With this year’s Cheltenham Festival and Grand National now in the past, fewer and fewer National Hunt races occupy the forefront of racing fans’ minds as they turn their attention to the Flat season.
There is, however, one exception this term; the ‘race’ for the National Hunt Trainers’ Championship has been a popular topic of debate and spectacle since March when Dan Skelton shot up the table after a stunningly successful Cheltenham Festival. Ever since, he and Paul Nicholls have been jostling for the top spot.
That was until Irish trainer Willie Mullins won the Grand National with I Am Maximus and took over first place on the back of the prize money earned that day.
Despite not being a UK-based trainer, superpower Mullins – currently over £100,000 clear of second-place Dan Skelton – is throwing everything he has at the UK Championship, determined to win the title. More and more of his horses are being brought over to Britain at this latter stage of the 2023/24 jumps season in the hope of winning races and preventing Skelton or Nicholls from catching up.
Read on for discussion of how the next few meetings could affect the standings.
Willie Mullins
Leading the UK National Hunt Trainers’ Championship by over £100,000 at the time of writing, Willie Mullins has more UK entries over the next couple of weeks than ones in Ireland and is taking no prisoners in pursuit of the title. The next most lucrative race meeting in the UK calendar is the Jumps Season closer at Sandown on the 27th of April, where Mullins’ best chance of winning looks to be El Fabiolo in the Grade 1 Celebration Chase, in which he also has Gaelic Warrior entered, alongside numerous longer-priced stablemates. If Mullins trains the winner of this race, which could be any one of his five entries for the contest, he would clear away by another £100,000 and be near impossible to beat.
Dan Skelton
Currently sitting second in the trainers championship, Dan Skelton has amassed nearly £3 million in prize money this term. With Paul Nicholls in hot pursuit and Willie Mullins leading the charge, Skelton will have to pick his races carefully in order to get back to the top. With the ground finally beginning to improve after a long, wet winter, he luckily still has plenty of horses with which to go to war and has 17 entries over Sandown.

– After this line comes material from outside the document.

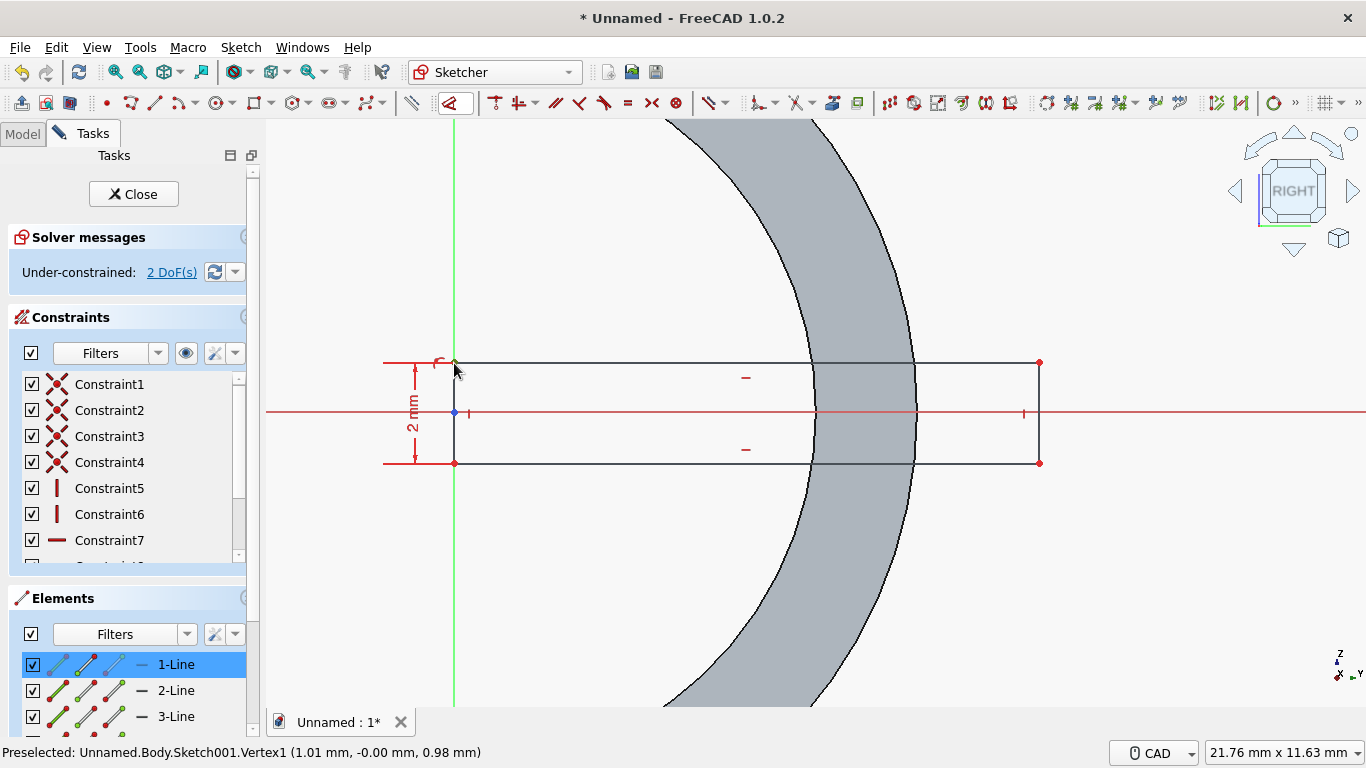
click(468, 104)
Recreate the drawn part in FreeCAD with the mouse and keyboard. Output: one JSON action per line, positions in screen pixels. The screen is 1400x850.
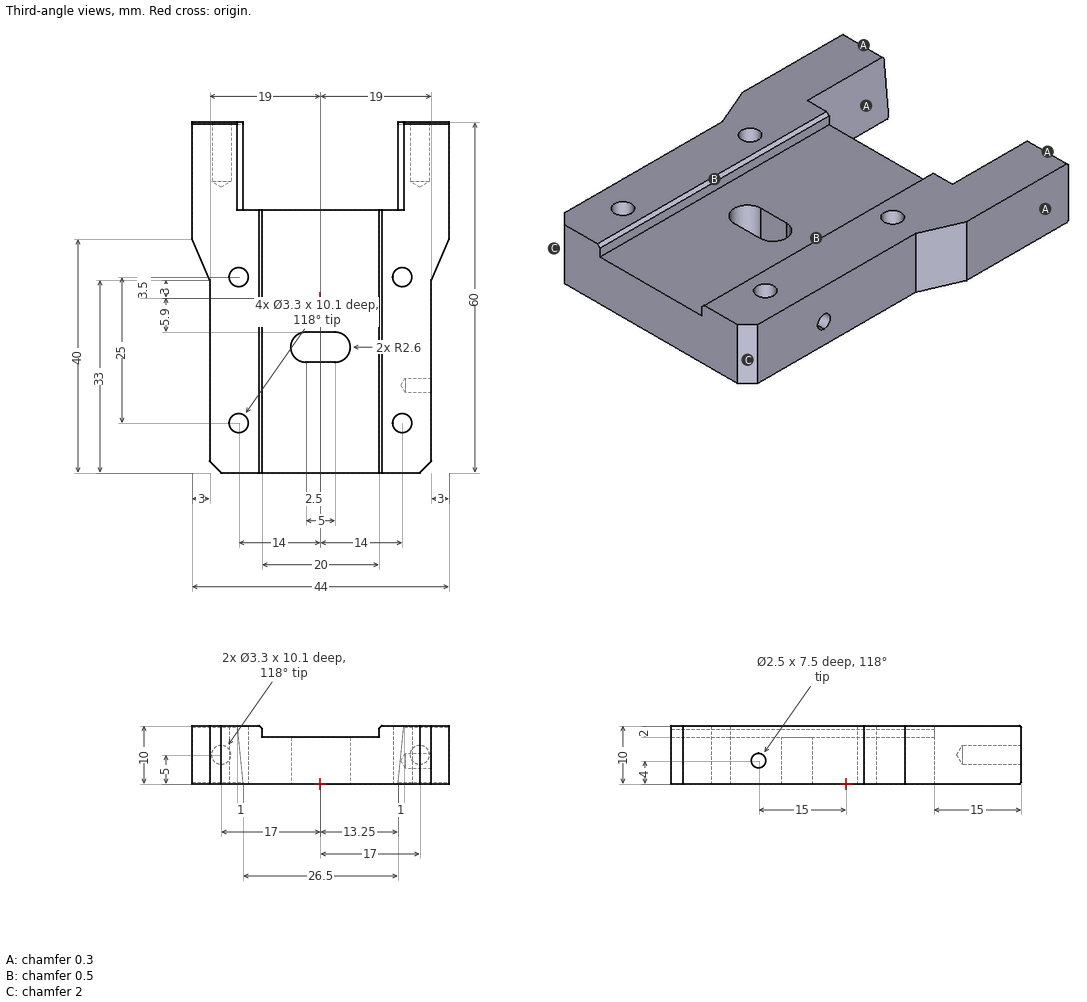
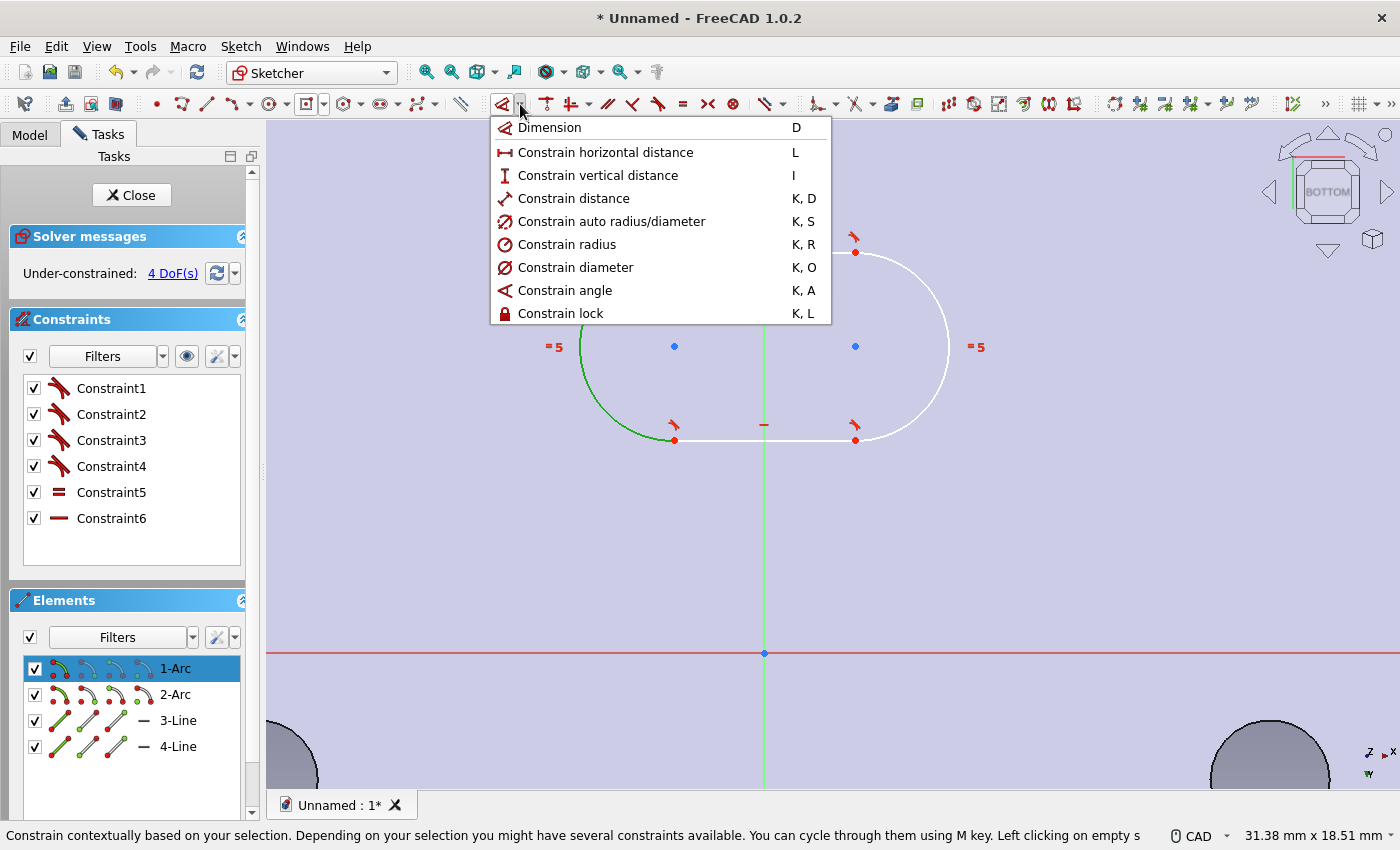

Le Milos, who holds an entry for the 3.35pm on Saturday, 27th April, is one who will appreciate the better ground and could easily get back to winning ways, fetching £95,000 for his trainer. Skelton also has four good horses entered in the Select Hurdle; last-start winner Kateira, Cheltenham Festival winner Langer Dan, talented My Drogo, and quality staying mare West Balboa. That’s some team for one race, and it wouldn’t be a surprise if Dan Skelton made his presence duly felt by Mullins at Sandown.
Bet on jockeys and trainers here
Paul Nicholls
Another UK trainer taking the race to the top very seriously is Paul Nicholls, whose team for Sandown appears popular in the markets. Third in the championship currently, Nicholls needs around £75,000 to level up to Dan Skelton. A likely contender to close the gap is Threeunderthrufive, who was last seen winning the Grade 3 Swinley Handicap Chase at Ascot in February and is entered in the 3.35pm race on the 27th April. The good ground should see him at his best and, with the likes of Hitman joining him at Sandown, Paul Nicholls could claw back his usual position at the top of the championship just in time if everything goes to plan this month.
He’s in bristling form as usual, and while Willie Mullins can seem untouchable at times, Dan Skelton and Paul Nicholls are both determined to make this a mighty battle to the end.